Synergistic effect in culture of bleomycin-group antibiotics and N-solanesyl-N,N'-bis(3,4-dimethoxybenzyl)ethylenediamine, a synthetic isoprenoid.

Like bleomycin and peplomycin, libromycin, a newly developed bleomycin-group antibiotic, was potentiated 130-fold against Chinese hamster V79 cells (V79/S) and 47-fold against its multidrug-resistant mutant (V79/ADM) by N-solanesyl-N,N'-bis(3,4-dimethoxybenzyl)ethylenediamine (SDB-ethylenediamine) at 10 and 3 micrograms/ml, respectively. But neocarzinostatin, known to cause DNA strand scission as bleomycins do, was potentiated only twofold. This suggests that the high potentiation by SDB-ethylenediamine is unique to the bleomycin-group antibiotics. Isobologram analysis revealed that the combined effect of peplomycin and SDB-ethylenediamine was highly synergistic. SDB-ethylenediamine did not increase the intracellular accumulation of [3H]peplomycin in V79/S cells. Analyses by an alkaline elution method demonstrated that single strand scission in DNA of intact V79/S cells caused by 1-h incubation with peplomycin was greatly stimulated by pre- and co-existence of SDB-ethylenediamine, but DNA strand breaks in isolated nuclei were not affected.
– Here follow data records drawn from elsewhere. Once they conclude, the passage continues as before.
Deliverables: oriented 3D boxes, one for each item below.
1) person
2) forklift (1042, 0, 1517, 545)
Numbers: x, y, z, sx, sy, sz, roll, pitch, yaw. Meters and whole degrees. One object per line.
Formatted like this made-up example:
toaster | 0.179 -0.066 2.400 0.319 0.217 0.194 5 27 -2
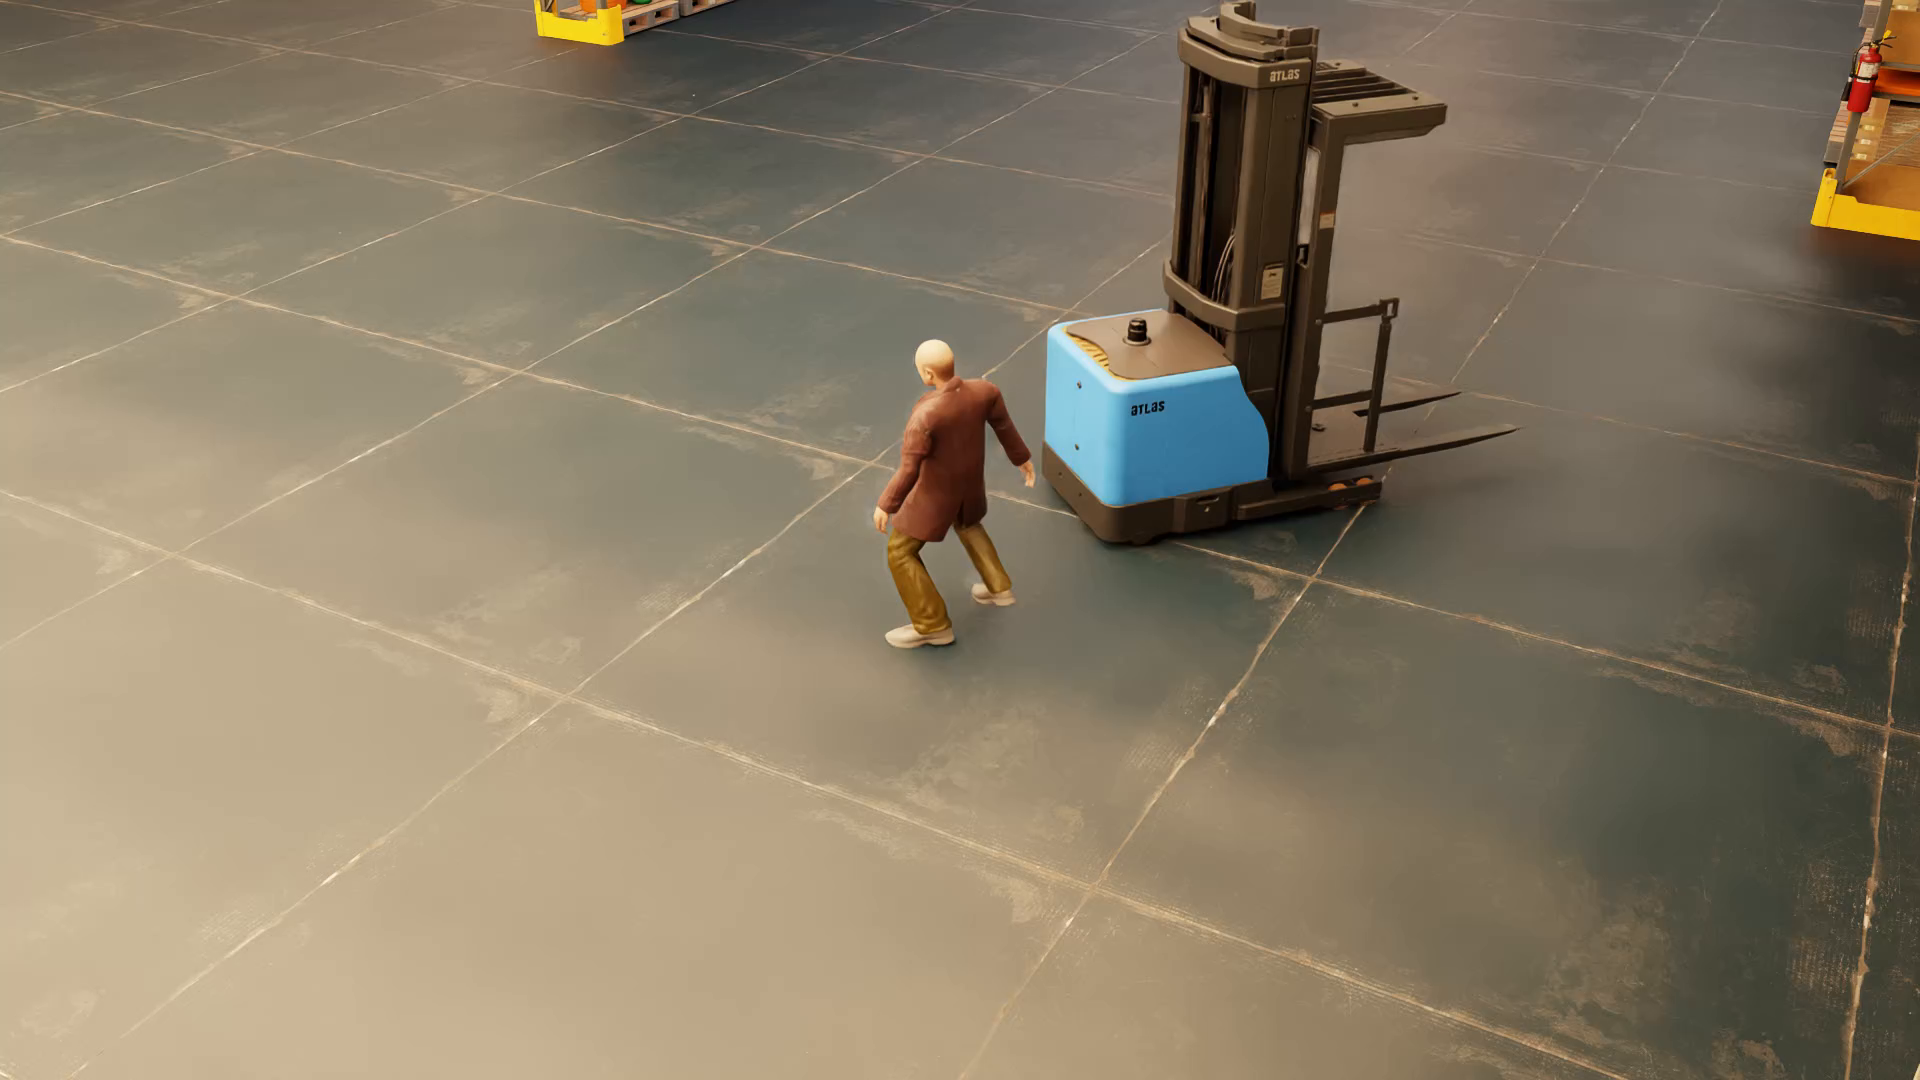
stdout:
person | -0.029 -0.301 8.853 0.939 1.687 0.577 -20 35 -30
forklift | 2.092 -1.689 9.998 3.031 2.935 1.130 -11 32 -18
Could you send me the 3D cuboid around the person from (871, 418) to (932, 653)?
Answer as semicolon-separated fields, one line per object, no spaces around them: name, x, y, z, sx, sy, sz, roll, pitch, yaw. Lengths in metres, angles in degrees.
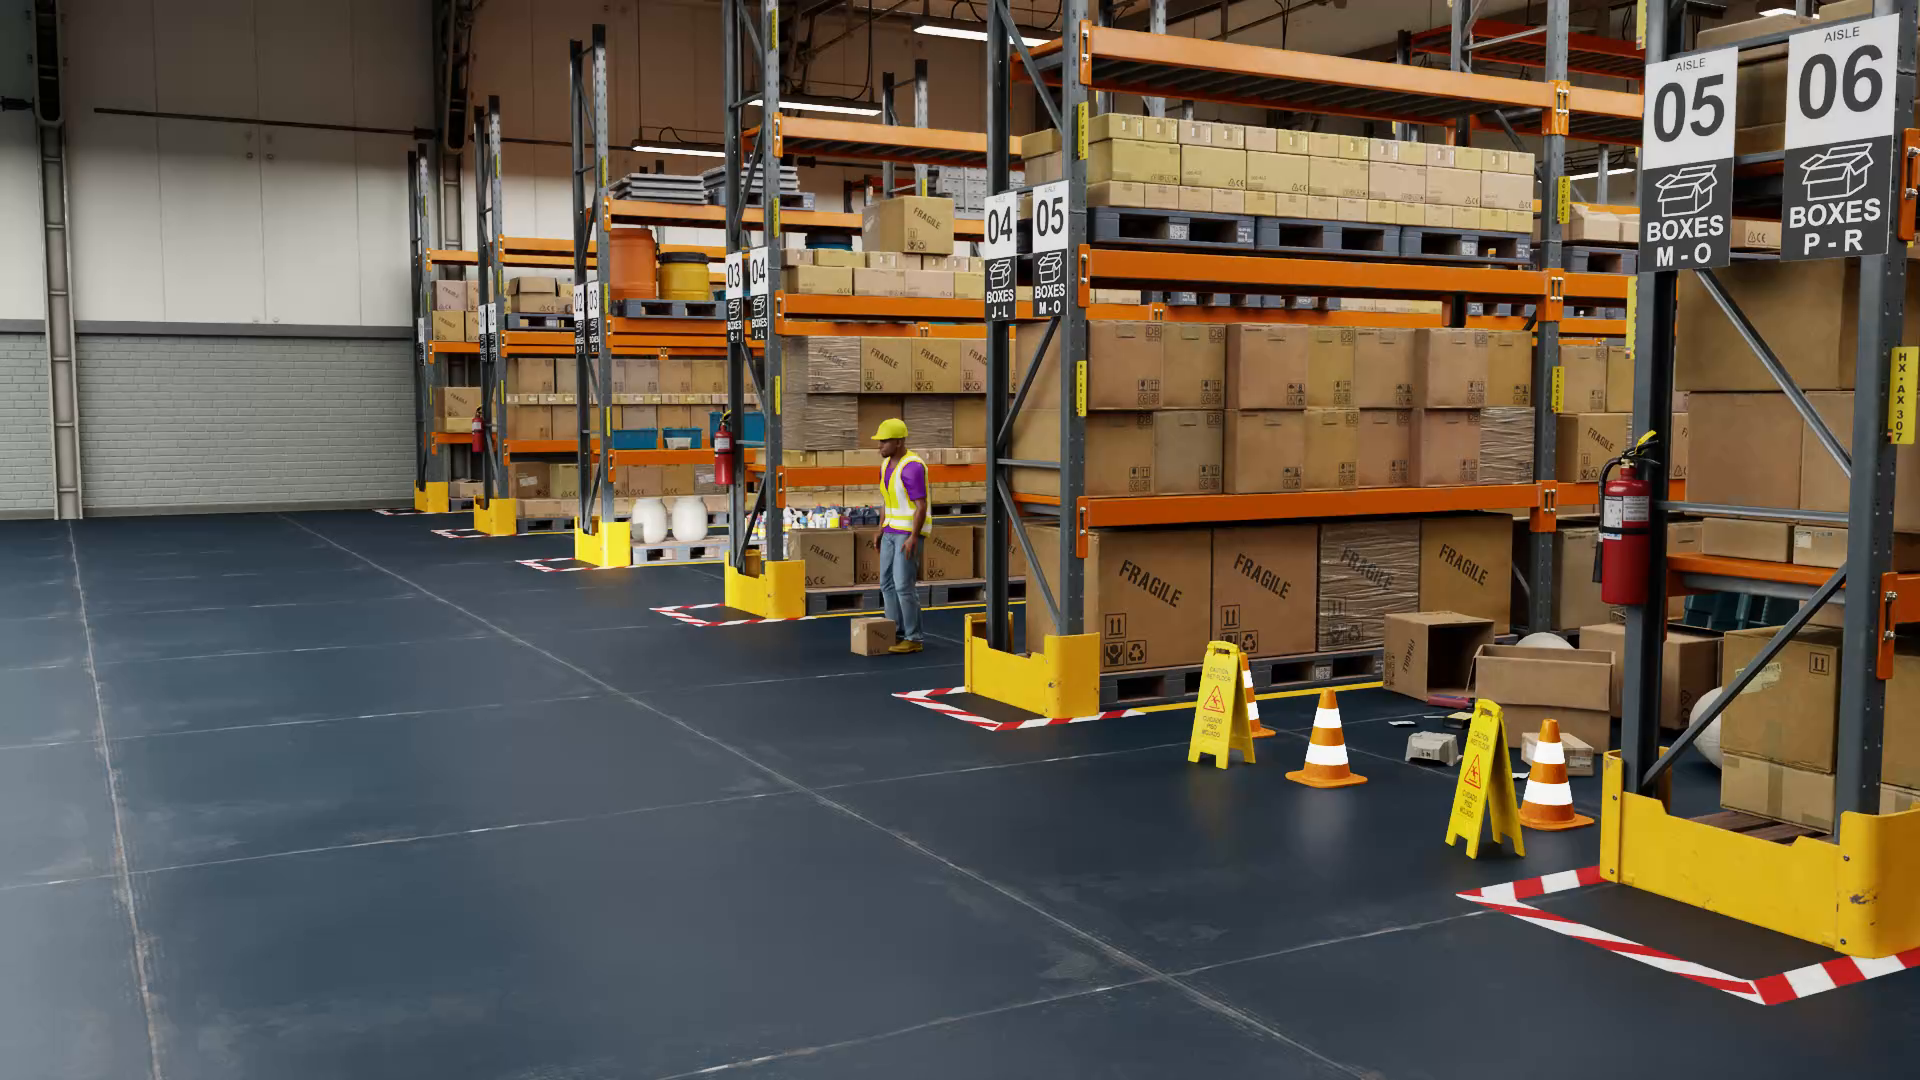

Apparently some cytoplasmic constituent(s) is involved in the potentiation mechanism. SDB-ethylenediamine did not block the DNA repair which occurred after the removal of peplomycin from the medium. Two fragments of SDB-ethylenediamine, solanesol (polyprenoid moiety) and a diamine component (verapamil-like moiety), were not synergistic with peplomycin, even when they were mixed together. This indicates that the steric conformation of the intact SDB-ethylenediamine molecule is important for the activity.